Top of Excerpted data
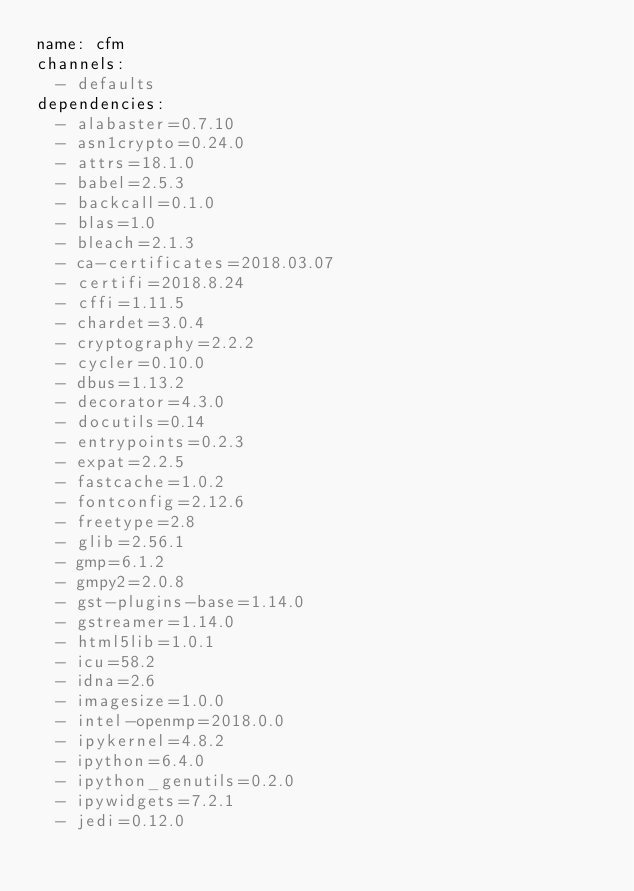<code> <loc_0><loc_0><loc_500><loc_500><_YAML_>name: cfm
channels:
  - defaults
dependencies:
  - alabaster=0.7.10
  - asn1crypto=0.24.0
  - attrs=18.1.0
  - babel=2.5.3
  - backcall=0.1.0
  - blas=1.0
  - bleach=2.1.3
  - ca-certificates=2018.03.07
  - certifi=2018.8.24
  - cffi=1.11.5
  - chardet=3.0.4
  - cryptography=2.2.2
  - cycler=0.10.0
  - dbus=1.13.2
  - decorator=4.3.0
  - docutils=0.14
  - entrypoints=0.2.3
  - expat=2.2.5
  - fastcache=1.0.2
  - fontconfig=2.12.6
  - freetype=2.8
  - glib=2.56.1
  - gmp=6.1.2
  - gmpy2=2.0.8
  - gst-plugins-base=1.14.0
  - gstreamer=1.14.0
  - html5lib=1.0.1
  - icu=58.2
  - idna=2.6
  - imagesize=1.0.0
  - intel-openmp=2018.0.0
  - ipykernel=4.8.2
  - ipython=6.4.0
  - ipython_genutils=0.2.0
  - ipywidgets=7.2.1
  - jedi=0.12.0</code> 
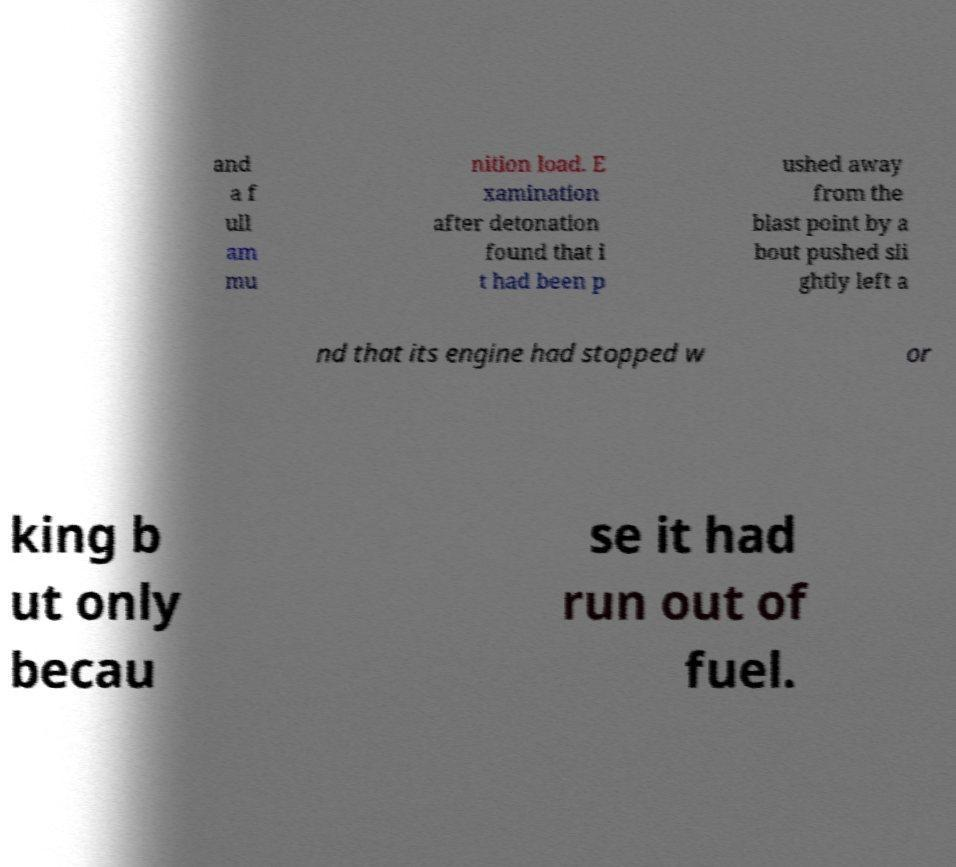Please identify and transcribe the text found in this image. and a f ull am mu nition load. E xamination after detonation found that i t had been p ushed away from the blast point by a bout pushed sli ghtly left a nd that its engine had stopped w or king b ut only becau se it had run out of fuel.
Bottom of Excerpted data
From the line with "- html5lib=1.0.1" to the final line of the records, inclusive, set down the lines exactly and add nothing; leave every picture out.

** Result **
  - html5lib=1.0.1
  - icu=58.2
  - idna=2.6
  - imagesize=1.0.0
  - intel-openmp=2018.0.0
  - ipykernel=4.8.2
  - ipython=6.4.0
  - ipython_genutils=0.2.0
  - ipywidgets=7.2.1
  - jedi=0.12.0</code> 
Please identify and transcribe the text found in this image. and a f ull am mu nition load. E xamination after detonation found that i t had been p ushed away from the blast point by a bout pushed sli ghtly left a nd that its engine had stopped w or king b ut only becau se it had run out of fuel.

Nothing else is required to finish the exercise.